INPUT MATERIAL:
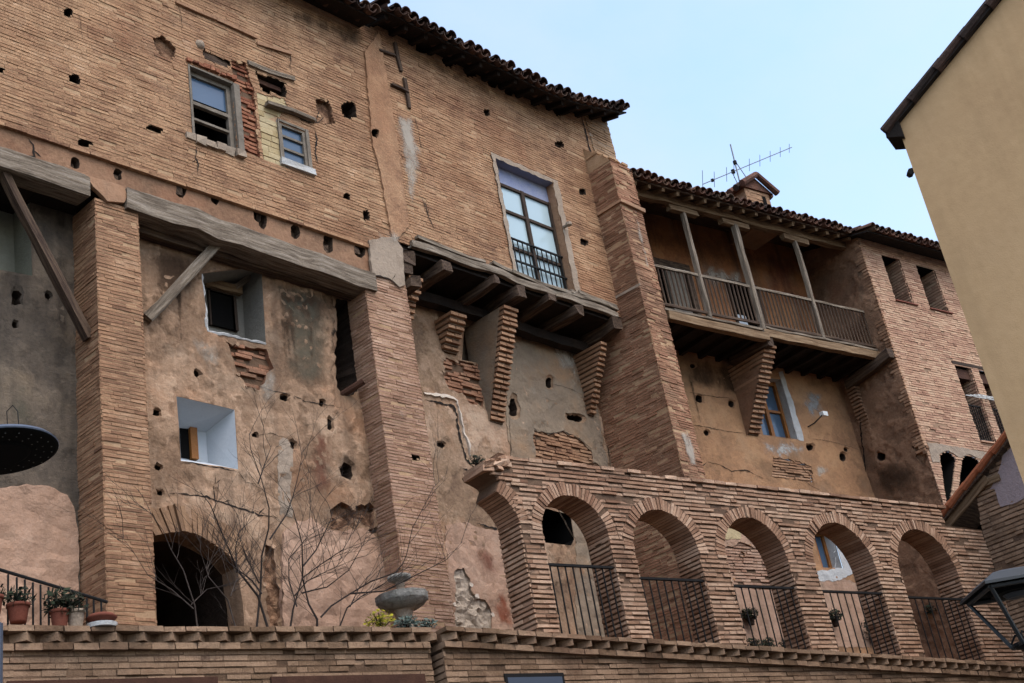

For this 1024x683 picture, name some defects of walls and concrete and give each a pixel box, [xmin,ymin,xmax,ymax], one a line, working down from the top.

flaking render [203,49,287,158]
spalling [226,340,274,391]
spalling [533,413,599,466]
spalling [771,443,815,482]
spalling [330,502,377,533]
spalling [453,568,495,629]
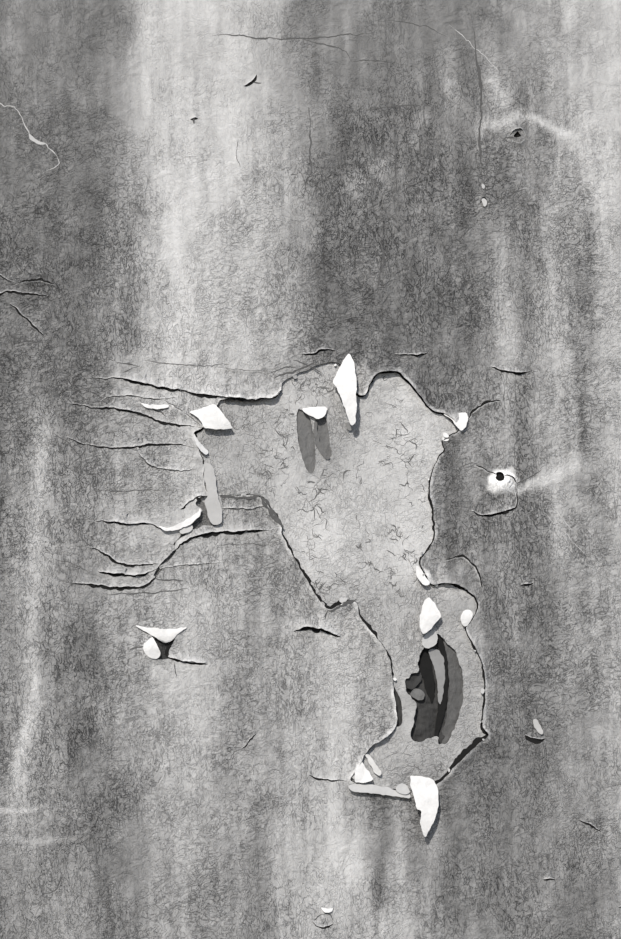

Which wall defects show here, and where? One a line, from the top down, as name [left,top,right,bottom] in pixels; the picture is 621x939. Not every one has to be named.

YOUR ASSIGNMENT: Once the pictures are set aside, give every line above again without alteration.

WRITTEN RESPONSE:
For this 1024x683 picture, name some defects of walls and concrete and give each a pixel box, [xmin,ymin,xmax,ymax], one a line, working down from the top.

flaking render [203,49,287,158]
spalling [226,340,274,391]
spalling [533,413,599,466]
spalling [771,443,815,482]
spalling [330,502,377,533]
spalling [453,568,495,629]

Which wall defects show here, and where? One a line, from the top down, as name [left,top,right,bottom] in pixels; the picture is 621x939. Not every one has to be named.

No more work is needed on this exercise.